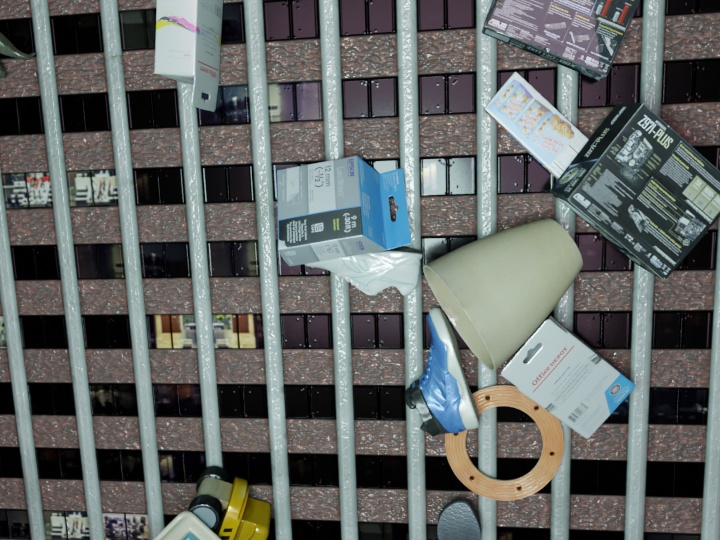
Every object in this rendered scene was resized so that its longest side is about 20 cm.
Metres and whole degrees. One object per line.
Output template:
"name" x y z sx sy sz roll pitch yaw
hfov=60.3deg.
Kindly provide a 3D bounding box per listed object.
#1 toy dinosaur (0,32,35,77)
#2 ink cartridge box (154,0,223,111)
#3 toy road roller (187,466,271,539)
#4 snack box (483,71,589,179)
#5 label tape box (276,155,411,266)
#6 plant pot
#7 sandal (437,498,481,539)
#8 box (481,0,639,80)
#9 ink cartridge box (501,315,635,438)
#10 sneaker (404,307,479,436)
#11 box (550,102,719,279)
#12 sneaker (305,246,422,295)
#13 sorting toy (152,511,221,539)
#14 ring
"toy dinosaur" -0.644 -0.370 1.021 0.196 0.077 0.104 0 106 10
"ink cartridge box" -0.263 -0.354 0.953 0.066 0.117 0.204 6 99 5
"toy road roller" -0.241 0.461 1.085 0.144 0.123 0.203 20 101 -8
"snack box" 0.286 -0.209 0.955 0.200 0.024 0.072 42 102 -1
"label tape box" -0.028 -0.098 0.959 0.196 0.066 0.146 -10 63 11
"plant pot" 0.226 0.016 0.934 0.198 0.187 0.189 -34 94 -2
"sandal" 0.179 0.481 1.077 0.075 0.043 0.204 -7 108 15
"box" 0.299 -0.395 0.910 0.197 0.050 0.160 22 101 3
"ink cartridge box" 0.311 0.156 0.963 0.199 0.067 0.116 36 102 -17
"sneaker" 0.114 0.170 1.011 0.109 0.077 0.204 -17 93 13
"box" 0.411 -0.117 0.908 0.199 0.086 0.165 35 102 -9
"sneaker" 0.000 0.000 1.003 0.196 0.070 0.082 5 103 6
"sorting toy" -0.280 0.516 1.012 0.185 0.037 0.200 -44 103 6
"ring" 0.241 0.289 1.045 0.196 0.019 0.205 1 99 8

++++++

### Work instruction
Only the lines above that hold "object" are wanted. Show every one of them.

### Reply
Every object in this rendered scene was resized so that its longest side is about 20 cm.
Metres and whole degrees. One object per line.
Kindly provide a 3D bounding box per listed object.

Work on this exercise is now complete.